WORK TO BE COMPLETED: So long as no pictures are carried over, output the records below exactly.

RECORDS TO USE:
+++++
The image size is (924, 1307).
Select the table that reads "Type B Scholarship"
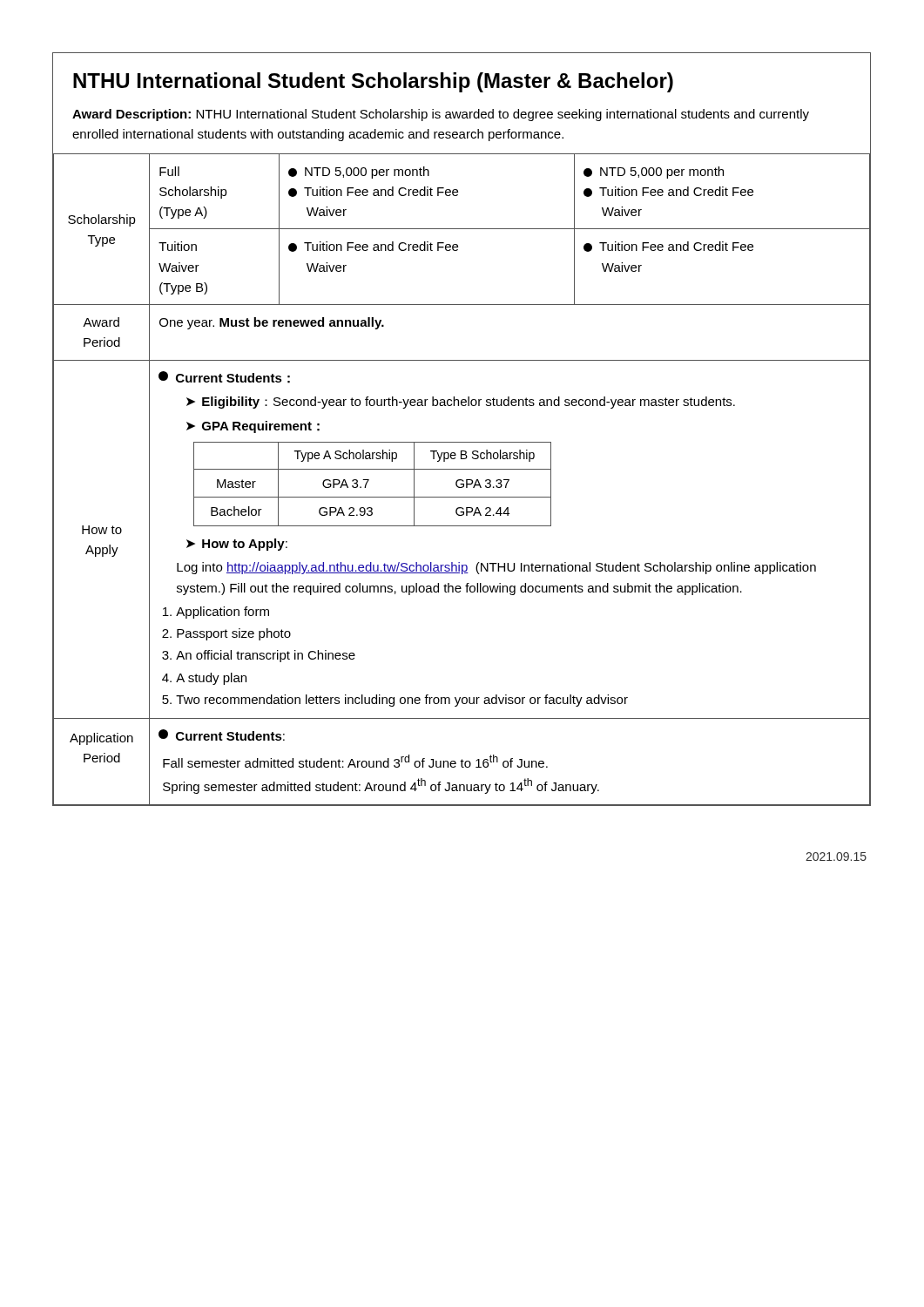pos(462,479)
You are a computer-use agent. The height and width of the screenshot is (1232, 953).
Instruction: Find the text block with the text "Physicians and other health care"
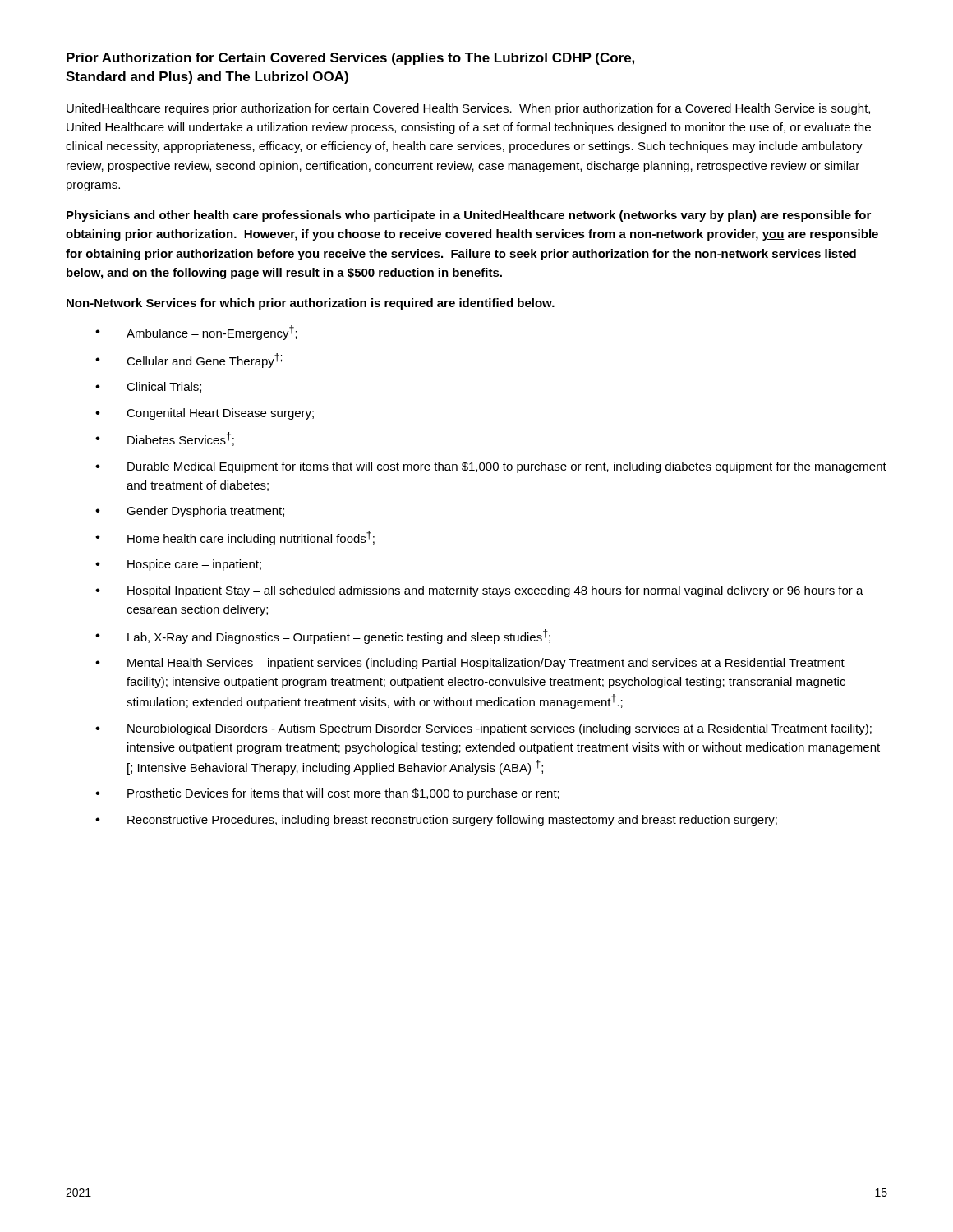pos(472,244)
+++++
WORKED SOLUTION:
The image size is (924, 1307).
Select the table that reads "Type B Scholarship"
pos(462,479)
You are a computer-use agent. The height and width of the screenshot is (1232, 953).
Instruction: Find the text block with the text "Physicians and other health care"
pos(472,244)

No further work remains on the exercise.